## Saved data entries
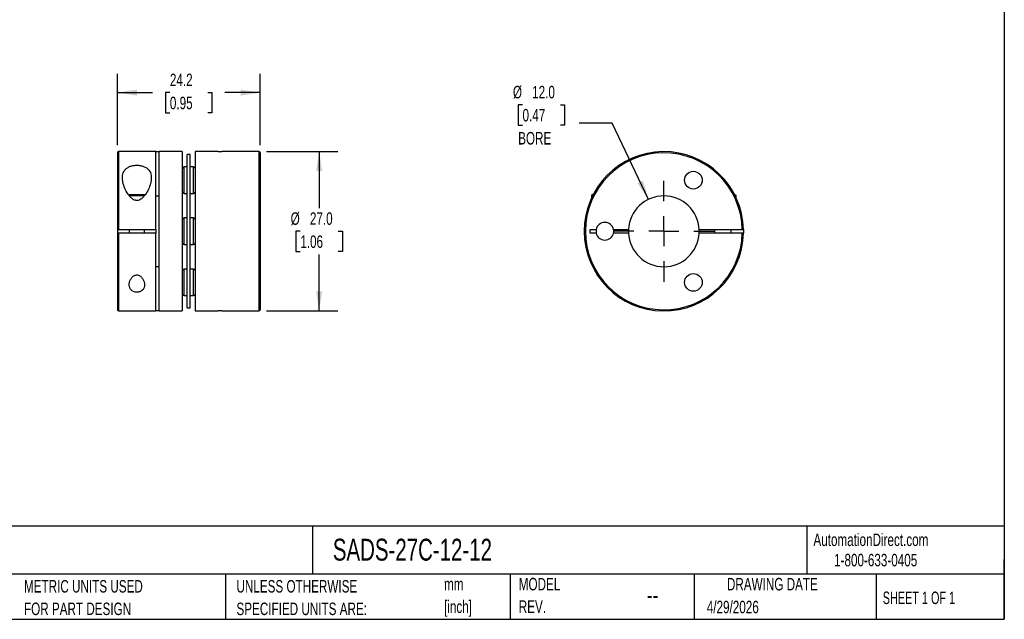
# Model space of a CAD drawing. Header units: millimetres. Extents: x 6 to 273, y 6 to 210.
# Tile 2 of 3: x 106 to 273, y 6 to 108. Entities that reach past the tile are written whole.
import ezdxf

# ---------------------------------------------------------------- set-up
doc = ezdxf.new("R2010")
doc.units = ezdxf.units.MM
doc.linetypes.add('SLD-Center', pattern=[19.05, 15.24, -1.27, 1.27, -1.27])
doc.linetypes.add('SLD-Solid', pattern=[0])
doc.layers.add('CENTER', color=40, linetype='SLD-Center')
doc.layers.add('DIMENSIONS', color=140, linetype='SLD-Solid', lineweight=25)
doc.layers.add('TEXT', color=140, linetype='SLD-Solid', lineweight=25)
doc.styles.add('SLDTEXTSTYLE0', font='TXT', dxfattribs={"width": 0.7})
doc.styles.add('SLDTEXTSTYLE1', font='TXT', dxfattribs={"width": 0.65})
doc.dimstyles.new('SLDDIMSTYLE0', dxfattribs={"dimtxt": 2.158008, "dimasz": 3.302, "dimexe": 0, "dimexo": 0.0625, "dimgap": 0.539502, "dimtad": 0, "dimtih": 1, "dimtoh": 1, "dimdec": 1, "dimrnd": 1e-09, "dimzin": 4, "dimdsep": 46, "dimtxsty": 'SLDTEXTSTYLE0', "dimsah": 1, "dimcen": 0.09, "dimadec": 0, "dimazin": 1, "dimtfac": 1, "dimtdec": 1, "dimtofl": 0, "dimtmove": 0, "dimatfit": 3, "dimfxl": 0, "dimfrac": 2, "dimtolj": 1, "dimtzin": 12, "dimarcsym": 0})
doc.dimstyles.new('SLDDIMSTYLE1', dxfattribs={"dimtxt": 2.158008, "dimasz": 3.302, "dimexe": 0, "dimexo": 0.0625, "dimgap": 0.539502, "dimtad": 0, "dimtih": 1, "dimtoh": 1, "dimdec": 1, "dimrnd": 1e-09, "dimzin": 12, "dimdsep": 46, "dimtxsty": 'SLDTEXTSTYLE0', "dimsah": 1, "dimcen": 0.09, "dimadec": 0, "dimazin": 3, "dimtfac": 1, "dimtdec": 1, "dimtofl": 0, "dimtmove": 0, "dimatfit": 3, "dimfxl": 0, "dimfrac": 2, "dimtolj": 1, "dimtzin": 12, "dimarcsym": 0})
doc.dimstyles.new('SLDDIMSTYLE2', dxfattribs={"dimtxt": 2.158008, "dimasz": 3.302, "dimexe": 0, "dimexo": 0.0625, "dimgap": 0.539502, "dimtad": 0, "dimtih": 1, "dimtoh": 1, "dimdec": 1, "dimrnd": 1e-09, "dimzin": 4, "dimdsep": 46, "dimtxsty": 'SLDTEXTSTYLE0', "dimsah": 1, "dimcen": 0, "dimadec": 0, "dimazin": 1, "dimtfac": 1, "dimtdec": 1, "dimtofl": 0, "dimtmove": 0, "dimatfit": 3, "dimfxl": 0, "dimfrac": 2, "dimtolj": 1, "dimtzin": 12, "dimarcsym": 0})

# ---------------------------------------------------------------- blocks, each defined once
blk = doc.blocks.new('SW_NOTE_0')
at = {"layer": 'TEXT', "color": 0, "char_height": 2.117, "attachment_point": 1, "style": 'SLDTEXTSTYLE0'}
for s, insert in [('mm', (0, 2.73)), ('[inch]', (0, -1.09))]:
    blk.add_mtext(s, dxfattribs=dict(at, insert=insert))
blk = doc.blocks.new('SW_NOTE_0_1')
at = {"layer": 'TEXT', "color": 0, "char_height": 2.1167, "attachment_point": 1, "style": 'SLDTEXTSTYLE0'}
for s, insert in [('UNLESS OTHERWISE', (0, 2.73)), ('SPECIFIED UNITS ARE:', (0, -1.09))]:
    blk.add_mtext(s, dxfattribs=dict(at, insert=insert))
blk = doc.blocks.new('SW_NOTE_0_5')
at = {"layer": 'TEXT', "color": 0, "char_height": 2.1167, "attachment_point": 1, "style": 'SLDTEXTSTYLE0'}
for s, insert in [('METRIC UNITS USED', (0, 2.73)), ('FOR PART DESIGN', (0, -1.09))]:
    blk.add_mtext(s, dxfattribs=dict(at, insert=insert))
blk = doc.blocks.new('SW_NOTE_0_6')
at = {"layer": 'TEXT', "color": 0, "char_height": 2.117, "attachment_point": 1, "style": 'SLDTEXTSTYLE0'}
for s, insert in [('MODEL', (0, 2.73)), ('REV.', (0, -1.09))]:
    blk.add_mtext(s, dxfattribs=dict(at, insert=insert))
blk = doc.blocks.new('_D')
at = {"layer": 'DIMENSIONS'}
for p, q in [((147.95, 85.6), (160.07, 85.6)), ((156.89, 85.6), (156.89, 76.01)), ((153.69, 72.1), (152.96, 72.1)), ((152.96, 72.1), (152.96, 68.67)), ((160.1, 72.1), (160.82, 72.1)), ((160.82, 72.1), (160.82, 68.67)), ((152.96, 68.67), (153.69, 68.67)), ((160.82, 68.67), (160.1, 68.67)), ((156.89, 58.6), (156.89, 68.18)), ((147.95, 58.6), (160.07, 58.6))]:
    blk.add_line(p, q, dxfattribs=at)
for points in [[(156.89, 85.6), (156.39, 82.29), (157.4, 82.29)], [(156.89, 58.6), (157.4, 61.9), (156.39, 61.9)]]:
    blk.add_solid(points, dxfattribs=at)
at = {"layer": 'DIMENSIONS', "char_height": 2.117, "attachment_point": 1, "style": 'SLDTEXTSTYLE0'}
for s, insert in [('%%c', (152.06, 75.31)), ('27.0', (155.32, 75.31)), ('1.06', (153.69, 71.4))]:
    blk.add_mtext(s, dxfattribs=dict(at, insert=insert))
blk = doc.blocks.new('_D_1')
at = {"layer": 'DIMENSIONS'}
for p, q in [((122.68, 86.67), (122.68, 98.77)), ((146.88, 86.67), (146.88, 98.77)), ((122.68, 95.6), (128.65, 95.6)), ((131.58, 95.6), (130.85, 95.6)), ((130.85, 95.6), (130.85, 92.17)), ((137.99, 95.6), (138.71, 95.6)), ((138.71, 95.6), (138.71, 92.17)), ((146.88, 95.6), (140.91, 95.6)), ((130.85, 92.17), (131.58, 92.17)), ((138.71, 92.17), (137.99, 92.17))]:
    blk.add_line(p, q, dxfattribs=at)
for points in [[(122.68, 95.6), (125.98, 95.09), (125.98, 96.1)], [(146.88, 95.6), (143.58, 96.1), (143.58, 95.09)]]:
    blk.add_solid(points, dxfattribs=at)
at = {"layer": 'DIMENSIONS', "char_height": 2.117, "attachment_point": 1, "style": 'SLDTEXTSTYLE0'}
for s, insert in [('24.2', (131.58, 98.81)), ('0.95', (131.58, 94.9))]:
    blk.add_mtext(s, dxfattribs=dict(at, insert=insert))
blk = doc.blocks.new('_D_2')
at = {"layer": 'DIMENSIONS'}
for p, q in [((191.37, 93.53), (190.65, 93.53)), ((190.65, 93.53), (190.65, 90.1)), ((197.79, 93.53), (198.51, 93.53)), ((198.51, 93.53), (198.51, 90.1)), ((206.56, 90.4), (201, 90.4)), ((212.74, 77.51), (206.56, 90.4)), ((190.65, 90.1), (191.37, 90.1)), ((198.51, 90.1), (197.79, 90.1))]:
    blk.add_line(p, q, dxfattribs=at)
blk.add_solid([(212.74, 77.51), (211.77, 80.7), (210.85, 80.26)], dxfattribs=at)
at = {"layer": 'DIMENSIONS', "char_height": 2.117, "attachment_point": 1, "style": 'SLDTEXTSTYLE0'}
for s, insert in [('%%c', (189.74, 96.74)), ('12.0', (193, 96.74)), ('0.47', (191.37, 92.83)), ('BORE', (190.63, 88.92))]:
    blk.add_mtext(s, dxfattribs=dict(at, insert=insert))
blk = doc.blocks.new('SW_CENTERMARKSYMBOL_0')
at = {"layer": 'CENTER', "color": 0}
for p, q in [((0, 5.08), (0, 8.54)), ((0, 0), (0, 2.54)), ((-5.08, 0), (-8.54, 0)), ((0, 0), (-2.54, 0)), ((0, 0), (0, -2.54)), ((0, 0), (2.54, 0)), ((5.08, 0), (8.54, 0)), ((0, -5.08), (0, -8.54))]:
    blk.add_line(p, q, dxfattribs=at)

msp = doc.modelspace()

# ---------------------------------------------------------------- linework, layer by layer
for p, q in [((122.68, 85.4), (122.68, 72.4)), ((129.18, 85.6), (122.88, 85.6)), ((122.88, 85.6), (122.88, 72.4)), ((129.18, 85.6), (129.78, 85.6)), ((129.18, 72.4), (129.18, 85.6)), ((133.68, 85.6), (129.78, 85.6)), ((129.78, 58.6), (129.78, 85.6)), ((133.68, 85.6), (133.68, 58.6)), ((139.78, 85.6), (135.88, 85.6)), ((135.88, 85.6), (135.88, 58.6)), ((139.78, 85.6), (140.38, 85.6)), ((146.68, 85.6), (140.38, 85.6)), ((146.68, 85.6), (146.68, 58.6)), ((146.88, 85.4), (146.88, 58.8)), ((135.03, 85.1), (134.53, 85.1)), ((134.53, 72.1), (134.53, 85.1)), ((135.03, 72.1), (135.03, 85.1)), ((134.53, 83.01), (133.98, 83.01)), ((133.98, 80.76), (133.98, 83.01)), ((135.58, 83.01), (135.03, 83.01)), ((135.58, 80.76), (135.58, 83.01)), ((133.98, 78.51), (133.98, 80.76)), ((135.58, 78.51), (135.58, 80.76)), ((133.98, 78.51), (134.53, 78.51)), ((135.03, 78.51), (135.58, 78.51)), ((124.52, 78.35), (127.44, 78.35)), ((124.67, 78.15), (127.3, 78.15)), ((129.18, 78.1), (129.78, 78.1)), ((203.28, 78.35), (203.08, 78.15)), ((203.08, 78.15), (203.08, 77.77)), ((203.08, 78.15), (203.27, 78.15)), ((203.28, 78.35), (203.37, 78.35)), ((227.3, 78.35), (227.33, 78.35)), ((227.58, 78.1), (227.33, 78.35)), ((227.43, 78.1), (227.58, 78.1)), ((227.58, 77.77), (227.58, 78.1)), ((134.53, 74.35), (133.98, 74.35)), ((133.98, 72.1), (133.98, 74.35)), ((135.58, 74.35), (135.03, 74.35)), ((135.58, 72.1), (135.58, 74.35)), ((122.68, 72.4), (122.68, 71.8)), ((122.68, 71.8), (122.68, 58.8)), ((122.88, 72.4), (129.18, 72.4)), ((129.18, 71.8), (122.88, 71.8)), ((122.88, 71.8), (122.88, 58.6)), ((124.68, 72.4), (124.68, 71.8)), ((127.28, 71.8), (127.28, 72.4)), ((129.18, 72.4), (129.18, 71.8)), ((129.18, 58.6), (129.18, 71.8)), ((133.98, 69.85), (133.98, 72.1)), ((134.53, 59.1), (134.53, 72.1)), ((135.03, 59.1), (135.03, 72.1)), ((135.58, 69.85), (135.58, 72.1)), ((202.83, 72.4), (203.86, 72.4)), ((202.83, 71.8), (202.83, 72.4)), ((203.86, 71.8), (202.83, 71.8)), ((206.8, 72.4), (209.34, 72.4)), ((209.34, 71.8), (206.8, 71.8)), ((221.33, 72.4), (228.63, 72.4)), ((228.63, 71.8), (221.33, 71.8)), ((223.93, 72.4), (223.93, 71.8)), ((226.73, 71.8), (226.73, 72.4)), ((228.83, 72.4), (228.83, 71.8)), ((133.98, 69.85), (134.53, 69.85)), ((135.03, 69.85), (135.58, 69.85)), ((129.78, 66.1), (129.18, 66.1)), ((134.53, 65.69), (133.98, 65.69)), ((133.98, 63.44), (133.98, 65.69)), ((135.58, 65.69), (135.03, 65.69)), ((135.58, 63.44), (135.58, 65.69)), ((133.98, 61.19), (133.98, 63.44)), ((135.58, 61.19), (135.58, 63.44)), ((133.98, 61.19), (134.53, 61.19)), ((135.03, 61.19), (135.58, 61.19)), ((122.88, 58.6), (129.18, 58.6)), ((129.78, 58.6), (129.18, 58.6)), ((129.78, 58.6), (133.68, 58.6)), ((134.53, 59.1), (135.03, 59.1)), ((135.88, 58.6), (139.78, 58.6)), ((140.38, 58.6), (139.78, 58.6)), ((140.38, 58.6), (146.68, 58.6))]:
    msp.add_line(p, q)
for centre in [(220.33, 80.76), (220.33, 63.44)]:
    msp.add_circle(centre, 1.5)
for centre, radius, start, end in [((122.88, 85.4), 0.2, 90, 180), ((146.68, 85.4), 0.2, 0, 90), ((215.33, 72.1), 13.5, 1.2733, 358.7267), ((215.33, 72.1), 13.3, 1.2925, 358.7075), ((133.98, 82.71), 0.3, 90, 180), ((135.58, 82.71), 0.3, 0, 90), ((133.98, 78.81), 0.3, 180, 270), ((135.58, 78.81), 0.3, 270, 0), ((215.33, 72.1), 6, 2.866, 177.134), ((133.98, 74.05), 0.3, 90, 180), ((135.58, 74.05), 0.3, 0, 90), ((205.33, 72.1), 1.5, 11.537, 168.463), ((205.33, 72.1), 1.5, 168.463, 191.537), ((205.33, 72.1), 1.5, 191.537, 348.463), ((205.33, 72.1), 1.5, 348.463, 11.537), ((215.33, 72.1), 6, 177.134, 182.866), ((215.33, 72.1), 6, 182.866, 357.134), ((215.33, 72.1), 6, 357.134, 2.866), ((133.98, 70.15), 0.3, 180, 270), ((135.58, 70.15), 0.3, 270, 0), ((133.98, 65.39), 0.3, 90, 180), ((135.58, 65.39), 0.3, 0, 90), ((133.98, 61.49), 0.3, 180, 270), ((135.58, 61.49), 0.3, 270, 0), ((122.88, 58.8), 0.2, 180, 270), ((146.68, 58.8), 0.2, 270, 0)]:
    msp.add_arc(centre, radius, start, end)
for points, knots in [([(128.43, 81.17), (128.43, 81.32), (128.42, 81.48), (128.37, 81.77), (128.33, 81.92), (128.21, 82.19), (128.14, 82.32), (127.95, 82.56), (127.84, 82.68), (127.57, 82.88), (127.42, 82.97), (127.08, 83.11), (126.89, 83.17), (126.6, 83.24), (126.5, 83.25), (126.29, 83.28), (126.18, 83.28), (125.87, 83.29), (125.66, 83.28), (125.25, 83.22), (125.05, 83.17), (124.7, 83.04), (124.53, 82.96), (124.25, 82.77), (124.12, 82.67), (123.91, 82.44), (123.83, 82.31), (123.69, 82.05), (123.64, 81.91), (123.57, 81.62), (123.54, 81.47), (123.53, 81.16), (123.53, 81), (123.56, 80.69), (123.59, 80.53), (123.66, 80.2), (123.71, 80.04), (123.82, 79.71), (123.88, 79.54), (124.1, 79.04), (124.27, 78.71), (124.6, 78.23), (124.72, 78.08), (124.92, 77.86), (124.99, 77.79), (125.14, 77.66), (125.22, 77.59), (125.48, 77.42), (125.68, 77.34), (126, 77.31), (126.1, 77.32), (126.31, 77.36), (126.41, 77.4), (126.59, 77.49), (126.68, 77.55), (126.84, 77.67), (126.92, 77.74), (127.13, 77.94), (127.26, 78.1), (127.61, 78.56), (127.79, 78.89), (128.1, 79.55), (128.22, 79.88), (128.38, 80.53), (128.43, 80.85), (128.43, 81.17)], [0, 0, 0, 0, 0.03125, 0.03125, 0.0625, 0.0625, 0.09375, 0.09375, 0.125, 0.125, 0.15625, 0.15625, 0.1875, 0.1875, 0.203125, 0.203125, 0.21875, 0.21875, 0.25, 0.25, 0.28125, 0.28125, 0.3125, 0.3125, 0.34375, 0.34375, 0.375, 0.375, 0.40625, 0.40625, 0.4375, 0.4375, 0.46875, 0.46875, 0.5, 0.5, 0.53125, 0.53125, 0.5625, 0.5625, 0.625, 0.625, 0.65625, 0.65625, 0.671875, 0.671875, 0.6875, 0.6875, 0.71875, 0.71875, 0.734375, 0.734375, 0.75, 0.75, 0.765625, 0.765625, 0.78125, 0.78125, 0.8125, 0.8125, 0.875, 0.875, 0.9375, 0.9375, 1, 1, 1, 1]), ([(122.88, 72.4), (122.83, 72.4), (122.78, 72.4), (122.7, 72.4), (122.68, 72.4), (122.68, 72.4)], [0, 0, 0, 0, 0.5, 0.5, 1, 1, 1, 1]), ([(122.68, 71.8), (122.68, 71.8), (122.7, 71.8), (122.78, 71.8), (122.83, 71.8), (122.88, 71.8)], [0, 0, 0, 0, 0.5, 0.5, 1, 1, 1, 1]), ([(228.63, 72.4), (228.68, 72.4), (228.74, 72.4), (228.81, 72.4), (228.83, 72.4), (228.83, 72.4)], [0, 0, 0, 0, 0.5, 0.5, 1, 1, 1, 1]), ([(228.83, 71.8), (228.83, 71.8), (228.81, 71.8), (228.74, 71.8), (228.68, 71.8), (228.63, 71.8)], [0, 0, 0, 0, 0.5, 0.5, 1, 1, 1, 1]), ([(127.28, 63.03), (127.28, 63.19), (127.26, 63.35), (127.17, 63.68), (127.1, 63.84), (126.92, 64.15), (126.8, 64.3), (126.58, 64.49), (126.5, 64.55), (126.32, 64.65), (126.21, 64.69), (126, 64.72), (125.89, 64.71), (125.68, 64.66), (125.58, 64.62), (125.32, 64.46), (125.18, 64.32), (124.96, 64.02), (124.88, 63.86), (124.75, 63.54), (124.71, 63.37), (124.67, 63.05), (124.68, 62.89), (124.74, 62.58), (124.8, 62.44), (124.98, 62.17), (125.11, 62.05), (125.44, 61.86), (125.64, 61.8), (126.08, 61.76), (126.3, 61.79), (126.67, 61.93), (126.83, 62.03), (127.07, 62.28), (127.15, 62.42), (127.26, 62.71), (127.28, 62.87), (127.28, 63.03)], [0, 0, 0, 0, 0.0625, 0.0625, 0.125, 0.125, 0.1875, 0.1875, 0.21875, 0.21875, 0.25, 0.25, 0.28125, 0.28125, 0.3125, 0.3125, 0.375, 0.375, 0.4375, 0.4375, 0.5, 0.5, 0.5625, 0.5625, 0.625, 0.625, 0.6875, 0.6875, 0.75, 0.75, 0.8125, 0.8125, 0.875, 0.875, 0.9375, 0.9375, 1, 1, 1, 1])]:
    msp.add_open_spline(points, degree=3, knots=knots)
at = {"layer": 'TEXT'}
for p, q in [((273.05, 209.55), (273.05, 6.35)), ((273.05, 22.13), (6.35, 22.13)), ((155.76, 22.13), (155.76, 13.97)), ((239.58, 22.13), (239.58, 13.97)), ((273.05, 6.35), (273.05, 16.51)), ((273.05, 13.97), (6.35, 13.97)), ((141, 13.97), (141, 6.35)), ((189.3, 13.97), (189.3, 6.35)), ((220.47, 13.97), (220.47, 6.35)), ((251.35, 13.97), (251.35, 6.35)), ((6.35, 6.35), (273.05, 6.35))]:
    msp.add_line(p, q, dxfattribs=at)

# ---------------------------------------------------------------- block references
at = {"layer": 'CENTER'}
msp.add_blockref('SW_CENTERMARKSYMBOL_0', (215.33, 72.1), dxfattribs=at)
at = {"layer": 'TEXT'}
for name, p in [('SW_NOTE_0_6', (190.73, 10.64)), ('SW_NOTE_0_5', (106.85, 10.27)), ('SW_NOTE_0_1', (142.87, 10.27)), ('SW_NOTE_0', (178.06, 10.63))]:
    msp.add_blockref(name, p, dxfattribs=at)

# ---------------------------------------------------------------- texts
for s, insert, char_height, attachment_point, style in [('SADS-27C-12-12', (159.21, 20), 3.7042, 1, 'SLDTEXTSTYLE0'), ('AutomationDirect.com', (240.69, 20.88), 2.1167, 1, 'SLDTEXTSTYLE0'), ('1-800-633-0405', (244.19, 17.44), 2.1167, 1, 'SLDTEXTSTYLE0'), ('DRAWING DATE', (233.73, 13.36), 2.1167, 2, 'SLDTEXTSTYLE0'), ('--', (212.43, 12.08), 3.175, 1, 'SLDTEXTSTYLE0'), ('SHEET 1 OF 1', (252.44, 11.05), 2.1167, 1, 'SLDTEXTSTYLE1'), ('4/29/2026', (222.61, 9.49), 2.117, 1, 'SLDTEXTSTYLE0')]:
    msp.add_mtext(s, dxfattribs=dict(at, insert=insert, char_height=char_height, attachment_point=attachment_point, style=style))

# ---------------------------------------------------------------- dimensions: what is measured, and where the dimension line sits
at = {"layer": 'DIMENSIONS'}
dim = msp.add_linear_dim(base=(122.68, 95.6), p1=(146.88, 85.4), p2=(122.68, 85.4), dimstyle='SLDDIMSTYLE1', dxfattribs=at)
dim.commit()
dim.dimension.update_dxf_attribs({"geometry": '_D_1', "text_midpoint": (134.78, 95.6), "dimtype": 160})
dim = msp.add_diameter_dim_2p(p1=(217.93, 66.69), p2=(212.74, 77.51), text='<>\\PBORE', dimstyle='SLDDIMSTYLE2', dxfattribs=at)
dim.commit()
dim.dimension.update_dxf_attribs({"geometry": '_D_2', "text_midpoint": (194.58, 91.81), "dimtype": 163})
dim = msp.add_linear_dim(base=(156.89, 58.6), p1=(146.68, 85.6), p2=(146.68, 58.6), angle=90, text='%%c<>', dimstyle='SLDDIMSTYLE0', dxfattribs=at)
dim.commit()
dim.dimension.update_dxf_attribs({"geometry": '_D', "text_midpoint": (156.89, 72.1), "dimtype": 160})

doc.saveas('drawing.dxf')

## Problem details
Only lines with the word "lineweight" are wanted, so copy each one from the records.

## The completed task
doc.layers.add('DIMENSIONS', color=140, linetype='SLD-Solid', lineweight=25)
doc.layers.add('TEXT', color=140, linetype='SLD-Solid', lineweight=25)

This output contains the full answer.